==== Data excerpts

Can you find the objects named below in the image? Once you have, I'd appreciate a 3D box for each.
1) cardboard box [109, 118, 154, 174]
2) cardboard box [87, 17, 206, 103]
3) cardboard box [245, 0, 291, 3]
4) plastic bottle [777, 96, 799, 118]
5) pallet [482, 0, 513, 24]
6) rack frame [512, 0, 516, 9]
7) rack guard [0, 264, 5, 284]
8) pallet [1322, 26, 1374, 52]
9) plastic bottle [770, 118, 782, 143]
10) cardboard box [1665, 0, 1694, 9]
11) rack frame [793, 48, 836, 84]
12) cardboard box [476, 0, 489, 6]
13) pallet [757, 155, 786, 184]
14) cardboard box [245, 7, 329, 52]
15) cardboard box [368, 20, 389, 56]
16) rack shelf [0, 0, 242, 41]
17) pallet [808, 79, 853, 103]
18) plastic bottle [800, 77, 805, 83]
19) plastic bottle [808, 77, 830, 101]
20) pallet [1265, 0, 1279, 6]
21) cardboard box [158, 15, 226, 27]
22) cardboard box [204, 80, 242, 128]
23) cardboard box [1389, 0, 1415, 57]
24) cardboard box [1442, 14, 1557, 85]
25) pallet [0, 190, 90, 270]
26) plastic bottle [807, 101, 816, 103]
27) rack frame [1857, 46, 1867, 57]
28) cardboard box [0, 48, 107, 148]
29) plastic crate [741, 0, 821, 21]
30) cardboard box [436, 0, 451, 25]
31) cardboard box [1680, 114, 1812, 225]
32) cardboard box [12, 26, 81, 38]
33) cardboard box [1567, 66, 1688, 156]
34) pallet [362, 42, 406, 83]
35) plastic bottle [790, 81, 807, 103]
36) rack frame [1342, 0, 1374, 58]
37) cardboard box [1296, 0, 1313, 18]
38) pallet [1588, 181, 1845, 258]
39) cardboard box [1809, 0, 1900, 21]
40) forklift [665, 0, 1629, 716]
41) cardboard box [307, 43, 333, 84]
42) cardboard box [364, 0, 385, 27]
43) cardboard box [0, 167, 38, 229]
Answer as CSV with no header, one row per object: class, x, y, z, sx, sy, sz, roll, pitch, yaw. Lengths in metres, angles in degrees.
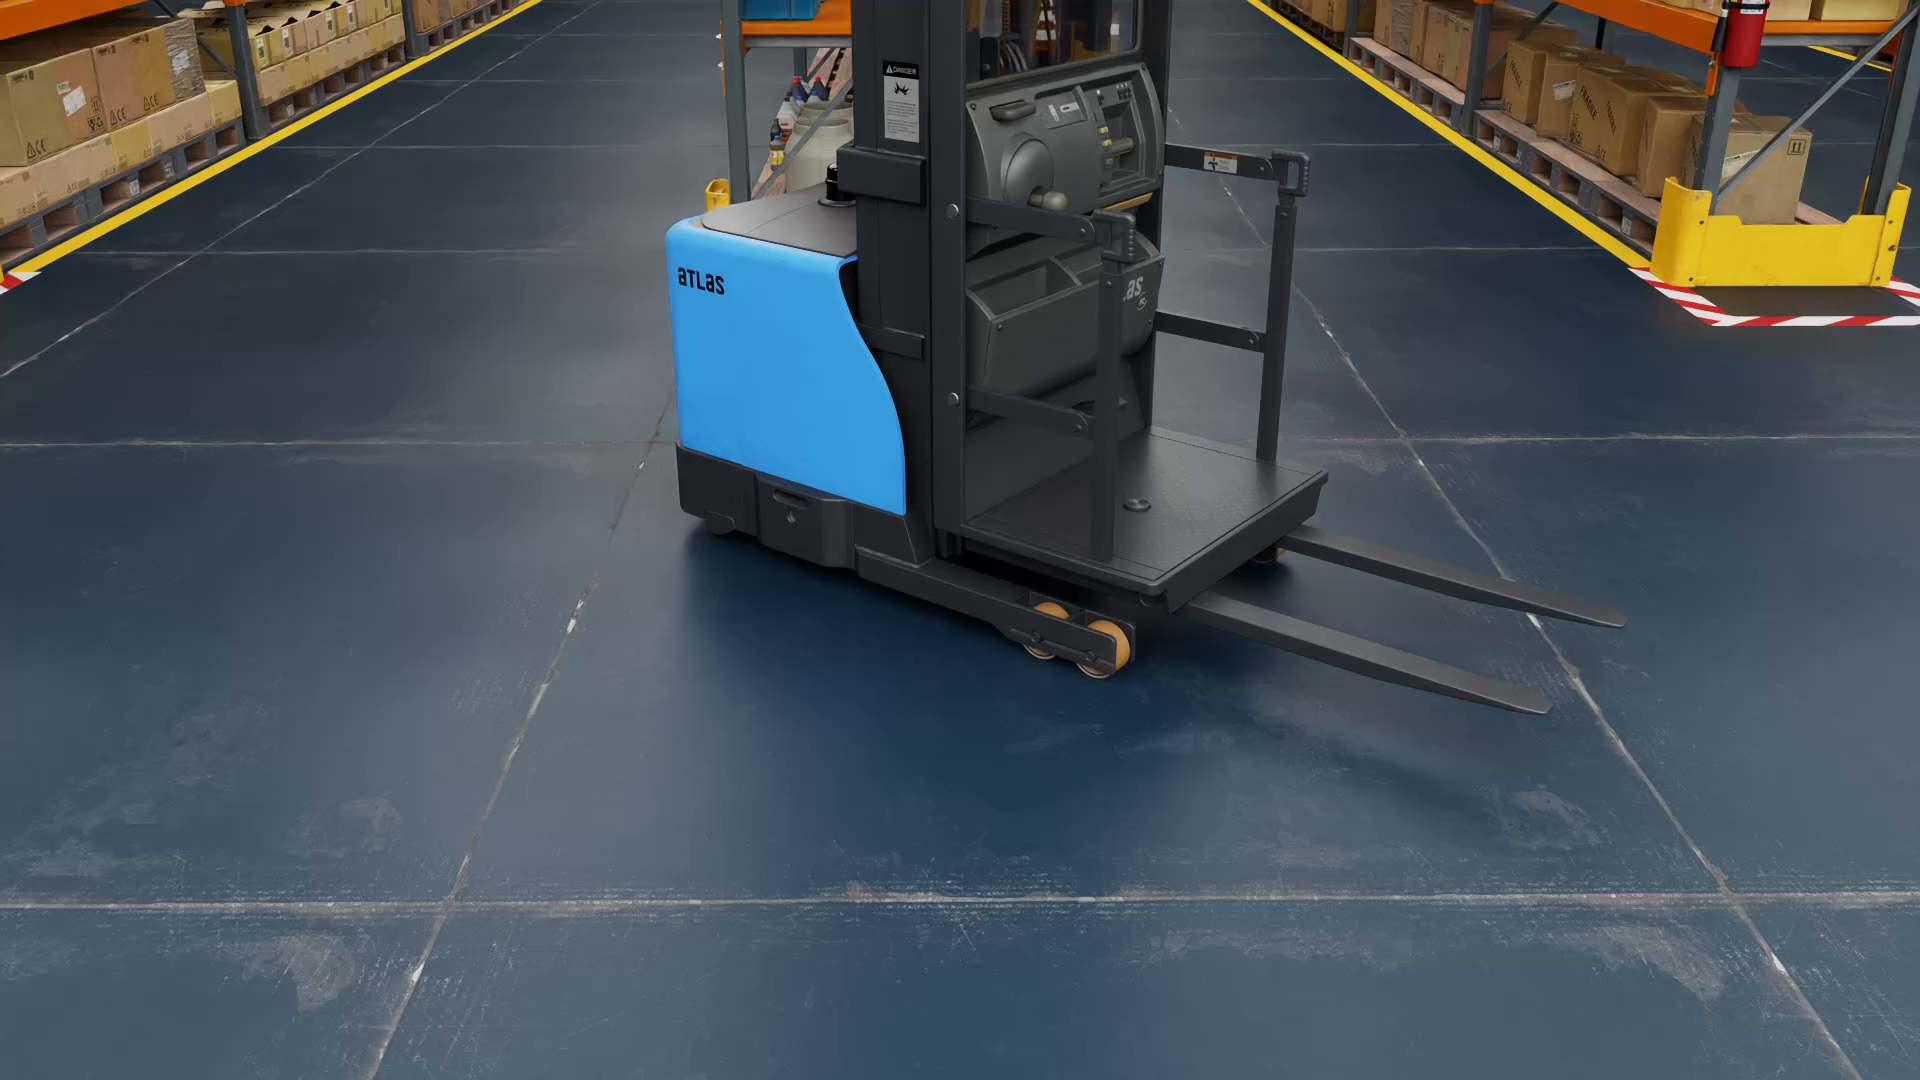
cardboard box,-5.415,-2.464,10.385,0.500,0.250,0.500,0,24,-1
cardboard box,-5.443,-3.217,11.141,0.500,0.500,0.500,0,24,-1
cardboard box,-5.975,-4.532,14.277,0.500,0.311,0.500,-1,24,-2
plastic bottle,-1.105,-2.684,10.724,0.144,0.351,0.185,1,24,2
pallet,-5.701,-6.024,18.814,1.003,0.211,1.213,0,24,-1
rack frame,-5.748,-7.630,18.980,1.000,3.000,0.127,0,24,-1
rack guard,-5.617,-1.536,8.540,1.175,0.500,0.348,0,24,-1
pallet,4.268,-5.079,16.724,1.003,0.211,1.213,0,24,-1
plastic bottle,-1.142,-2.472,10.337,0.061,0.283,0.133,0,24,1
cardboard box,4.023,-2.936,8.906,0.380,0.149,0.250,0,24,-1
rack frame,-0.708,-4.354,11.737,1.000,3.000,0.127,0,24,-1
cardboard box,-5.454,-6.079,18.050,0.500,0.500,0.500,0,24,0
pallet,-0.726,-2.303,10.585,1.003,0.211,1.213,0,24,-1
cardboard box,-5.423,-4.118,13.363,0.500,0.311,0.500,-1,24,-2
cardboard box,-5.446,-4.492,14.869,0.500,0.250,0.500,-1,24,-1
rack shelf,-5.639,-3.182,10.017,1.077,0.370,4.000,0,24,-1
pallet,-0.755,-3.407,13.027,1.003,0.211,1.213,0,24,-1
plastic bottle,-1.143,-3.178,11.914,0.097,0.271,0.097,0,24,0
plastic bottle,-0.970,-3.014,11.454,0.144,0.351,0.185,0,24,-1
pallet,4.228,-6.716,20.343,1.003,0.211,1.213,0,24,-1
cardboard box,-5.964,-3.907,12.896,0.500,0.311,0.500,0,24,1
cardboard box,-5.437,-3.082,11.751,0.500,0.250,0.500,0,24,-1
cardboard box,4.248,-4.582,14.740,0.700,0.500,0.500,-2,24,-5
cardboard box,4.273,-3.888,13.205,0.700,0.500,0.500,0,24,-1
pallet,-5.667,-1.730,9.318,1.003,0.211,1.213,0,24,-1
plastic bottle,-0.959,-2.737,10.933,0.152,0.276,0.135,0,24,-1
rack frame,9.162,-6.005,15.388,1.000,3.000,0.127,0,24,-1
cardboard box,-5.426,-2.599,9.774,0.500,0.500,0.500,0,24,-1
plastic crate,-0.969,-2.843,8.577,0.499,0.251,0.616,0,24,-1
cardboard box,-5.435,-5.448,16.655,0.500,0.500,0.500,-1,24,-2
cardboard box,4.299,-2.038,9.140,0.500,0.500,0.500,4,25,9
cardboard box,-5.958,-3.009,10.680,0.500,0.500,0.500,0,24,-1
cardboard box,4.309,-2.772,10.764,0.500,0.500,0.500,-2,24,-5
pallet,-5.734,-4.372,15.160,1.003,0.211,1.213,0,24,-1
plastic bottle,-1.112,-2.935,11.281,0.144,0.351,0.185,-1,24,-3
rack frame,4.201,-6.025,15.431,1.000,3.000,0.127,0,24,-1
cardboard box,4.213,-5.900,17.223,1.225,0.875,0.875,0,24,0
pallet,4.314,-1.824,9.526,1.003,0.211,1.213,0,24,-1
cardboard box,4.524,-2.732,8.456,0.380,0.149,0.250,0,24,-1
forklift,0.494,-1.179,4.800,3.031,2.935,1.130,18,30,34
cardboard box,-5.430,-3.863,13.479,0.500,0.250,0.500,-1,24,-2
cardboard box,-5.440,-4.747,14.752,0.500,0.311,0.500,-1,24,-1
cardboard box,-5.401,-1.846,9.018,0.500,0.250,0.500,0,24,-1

========

_What you have to do_:
Please copy, without any change, the lines of the material from the first through the one containing "8) pallet [1322, 26, 1374, 52]". Write nothing else.

_Solution_:
Can you find the objects named below in the image? Once you have, I'd appreciate a 3D box for each.
1) cardboard box [109, 118, 154, 174]
2) cardboard box [87, 17, 206, 103]
3) cardboard box [245, 0, 291, 3]
4) plastic bottle [777, 96, 799, 118]
5) pallet [482, 0, 513, 24]
6) rack frame [512, 0, 516, 9]
7) rack guard [0, 264, 5, 284]
8) pallet [1322, 26, 1374, 52]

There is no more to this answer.